Умирающий
- Итачи-сан?
Юноша едва уловимо вздрагивает, почувствовав прикосновение на своем плече, и моментально поворачивается. Кисаме лишь мимолетно видит легкий испуг на лице Итачи, а потом эта эмоция снова сменяется ледяной маской. То, что глаза завязаны темной шелковой лентой, не позволяющей солнечному свету ранить и без того полуослепшие глаза, мало волнует Учиху. Сейчас он полагается больше на слух, чем на какие-либо другие чувства. В конце концов, Итачи давно был предупрежден о последствиях применения Мангекью шарингана и сейчас предельно ясно понимает, что его жизнь скоро подойдет к концу. Теперь он отсчитывает, сколько ему осталось очень просто – пять или десять использований Мангекью Шарингана, или же пятнадцать-двадцать рвущих легкие приступов этой мерзкой болезни. Итачи даже не знает сейчас, какая смерть лучше. Либо умереть от кровоизлияния в мозг, когда глаза не выдержат такой нагрузки, либо же тихо загнуться как чахоточная барышня от очередного приступа. Лучше, в конце концов, первое. Это хотя бы не так болезненно. Пусть глаза и болят и пусть слезы, непроизвольно текущие из них, алые, но это гораздо лучше, чем выворачиваться на изнанку от кашля, чувствуя на губах привкус крови.
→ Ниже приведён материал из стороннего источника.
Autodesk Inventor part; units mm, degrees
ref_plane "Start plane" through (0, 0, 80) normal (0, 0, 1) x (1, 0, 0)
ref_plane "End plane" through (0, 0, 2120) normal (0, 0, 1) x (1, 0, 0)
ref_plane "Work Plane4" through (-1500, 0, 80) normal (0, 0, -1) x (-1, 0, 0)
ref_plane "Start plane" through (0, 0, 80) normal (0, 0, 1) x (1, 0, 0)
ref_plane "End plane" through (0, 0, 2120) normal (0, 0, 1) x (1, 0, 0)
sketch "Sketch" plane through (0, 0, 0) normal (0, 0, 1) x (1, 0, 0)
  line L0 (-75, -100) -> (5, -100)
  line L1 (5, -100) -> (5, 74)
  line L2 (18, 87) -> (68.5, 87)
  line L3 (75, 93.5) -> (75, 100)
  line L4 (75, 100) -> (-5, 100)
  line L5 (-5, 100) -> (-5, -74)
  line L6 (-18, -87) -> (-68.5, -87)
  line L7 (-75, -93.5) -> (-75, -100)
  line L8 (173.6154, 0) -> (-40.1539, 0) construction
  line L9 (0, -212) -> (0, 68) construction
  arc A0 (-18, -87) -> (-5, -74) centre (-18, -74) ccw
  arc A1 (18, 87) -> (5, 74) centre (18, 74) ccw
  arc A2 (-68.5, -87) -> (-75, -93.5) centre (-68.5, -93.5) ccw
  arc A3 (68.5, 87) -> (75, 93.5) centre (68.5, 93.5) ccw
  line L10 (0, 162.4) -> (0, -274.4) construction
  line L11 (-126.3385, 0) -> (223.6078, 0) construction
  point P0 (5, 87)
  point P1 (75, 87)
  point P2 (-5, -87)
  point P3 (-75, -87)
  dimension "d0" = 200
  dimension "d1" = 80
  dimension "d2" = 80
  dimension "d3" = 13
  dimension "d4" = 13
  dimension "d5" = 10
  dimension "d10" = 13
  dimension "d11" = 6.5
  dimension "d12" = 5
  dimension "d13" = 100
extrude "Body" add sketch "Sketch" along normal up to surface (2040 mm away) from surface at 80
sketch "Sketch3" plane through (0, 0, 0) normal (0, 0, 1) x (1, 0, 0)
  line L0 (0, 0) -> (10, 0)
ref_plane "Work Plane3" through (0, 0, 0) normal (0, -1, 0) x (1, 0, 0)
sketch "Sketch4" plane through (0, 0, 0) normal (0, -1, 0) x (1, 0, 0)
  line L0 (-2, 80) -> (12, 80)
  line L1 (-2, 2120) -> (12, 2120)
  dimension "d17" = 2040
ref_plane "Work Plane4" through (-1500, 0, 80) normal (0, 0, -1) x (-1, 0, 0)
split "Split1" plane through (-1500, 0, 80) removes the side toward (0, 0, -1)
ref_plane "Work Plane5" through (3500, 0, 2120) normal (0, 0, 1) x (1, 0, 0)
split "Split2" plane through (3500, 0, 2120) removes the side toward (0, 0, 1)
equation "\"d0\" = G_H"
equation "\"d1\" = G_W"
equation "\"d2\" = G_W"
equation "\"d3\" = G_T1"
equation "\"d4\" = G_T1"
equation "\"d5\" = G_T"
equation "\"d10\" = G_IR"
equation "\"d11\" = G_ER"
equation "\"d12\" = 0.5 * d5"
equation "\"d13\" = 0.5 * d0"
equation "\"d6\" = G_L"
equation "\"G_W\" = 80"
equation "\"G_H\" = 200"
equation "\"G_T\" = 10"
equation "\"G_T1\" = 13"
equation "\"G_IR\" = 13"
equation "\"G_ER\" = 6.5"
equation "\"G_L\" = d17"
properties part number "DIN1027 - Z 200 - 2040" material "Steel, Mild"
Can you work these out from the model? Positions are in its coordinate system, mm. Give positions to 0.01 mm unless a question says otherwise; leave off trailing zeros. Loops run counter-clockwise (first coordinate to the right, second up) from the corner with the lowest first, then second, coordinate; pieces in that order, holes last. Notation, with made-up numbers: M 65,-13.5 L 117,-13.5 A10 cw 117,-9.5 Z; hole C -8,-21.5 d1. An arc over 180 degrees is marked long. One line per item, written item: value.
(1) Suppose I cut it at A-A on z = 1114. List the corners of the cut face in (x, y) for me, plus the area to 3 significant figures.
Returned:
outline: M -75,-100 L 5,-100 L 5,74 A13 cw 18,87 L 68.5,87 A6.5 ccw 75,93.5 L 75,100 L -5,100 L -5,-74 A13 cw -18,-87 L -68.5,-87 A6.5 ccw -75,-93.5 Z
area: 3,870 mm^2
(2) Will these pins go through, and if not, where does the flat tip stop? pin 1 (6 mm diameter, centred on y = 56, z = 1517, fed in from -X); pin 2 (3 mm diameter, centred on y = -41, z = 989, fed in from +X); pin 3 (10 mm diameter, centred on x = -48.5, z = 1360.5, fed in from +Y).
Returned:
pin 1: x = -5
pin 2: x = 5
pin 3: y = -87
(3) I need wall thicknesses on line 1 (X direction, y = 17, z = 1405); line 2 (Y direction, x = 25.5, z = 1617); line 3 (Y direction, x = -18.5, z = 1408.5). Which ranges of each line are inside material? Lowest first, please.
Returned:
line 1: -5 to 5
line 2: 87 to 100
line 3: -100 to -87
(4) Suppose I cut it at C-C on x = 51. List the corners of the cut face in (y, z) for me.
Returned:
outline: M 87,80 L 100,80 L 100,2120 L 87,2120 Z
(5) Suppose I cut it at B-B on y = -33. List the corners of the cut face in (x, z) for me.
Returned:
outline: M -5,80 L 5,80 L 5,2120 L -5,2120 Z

Темнота пришла в его маленький мирок под названием Тсукиеми резко, неожиданно и никого не спросив. Каким бы сильным и гениальным не был Учиха, даже его старательно отшлифованное сознание сдавалось под натиском глухой апатии и темноты.
- Да, Кисаме?
Он все же надеется, что напарник не видел этой секундной гримасы страха на его лице. Впрочем, уже нет разницы, видел или нет. От Кисаме у него постепенно пропали любые секреты. Да и какие могут быть секреты, когда месяца два или три назад каждую ночь извивался в страстной агонии под телом напарника, а последние дни бился в его руках в приступах кашля, когда легкие едва ли не выворачивало на изнанку, а его бледные пальцы и серовато-голубые руки Хошигаке покрывали капельки крови.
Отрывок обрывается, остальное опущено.